О своих наблюдениях Линда Николаевна Брокману, разумеется, не сообщала. Она терпеливо ждала, что же будет дальше, с удовольствием предвидя, что пропажа средства связи заставит ее жильца чаще прибегать к ее помощи. Линда Николаевна, как известно, жаждала более активной деятельности.

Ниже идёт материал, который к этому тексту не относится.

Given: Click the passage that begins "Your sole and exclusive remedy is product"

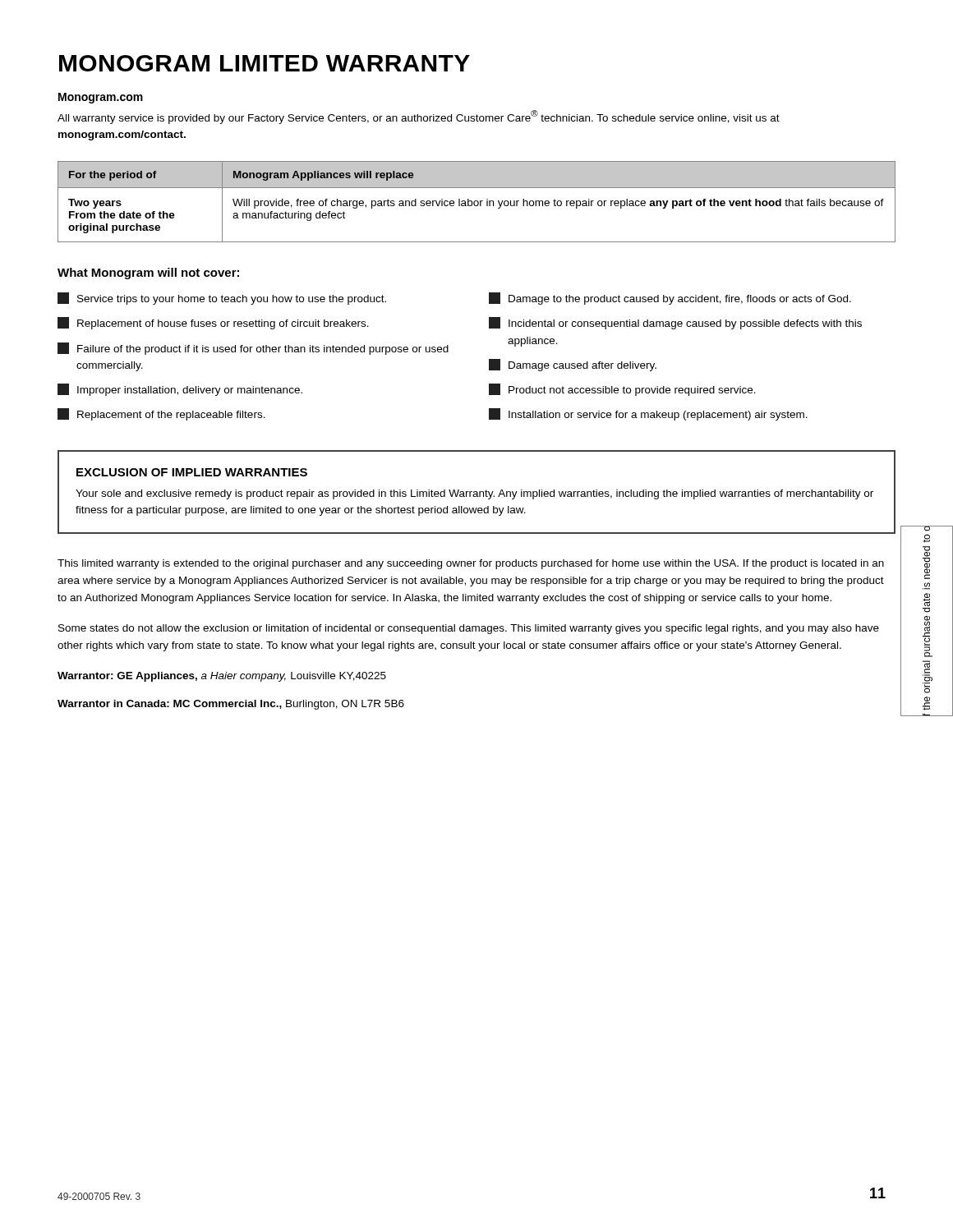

Восьмого и девятого июня Брокман отдыхал, то есть ел и спал, а когда не спал, то все равно лежал на кровати поверх одеяла, заложив руки за голову, смотрел в потолок.

Много раз он прокручивал в уме всю свою поездку в город К., минута за минутой, шаг за шагом, не упуская ни малейшей детали. Ему припоминались даже такие дурацкие мелочи, как нацарапанная в одной из телефонных будок, из которых он звонил, надпись «Сонька дура» или валявшийся на обочине желтый абажур, который он увидел по дороге к мосту через реку.

Он помнил все свои маршруты и мог бы повторить каждый поворот с того момента, как выехал со стоянки треста «Оргтехстрой», до возвращения на нее. Он был уверен, что слежки за ним не велось — он бы ее обязательно заметил.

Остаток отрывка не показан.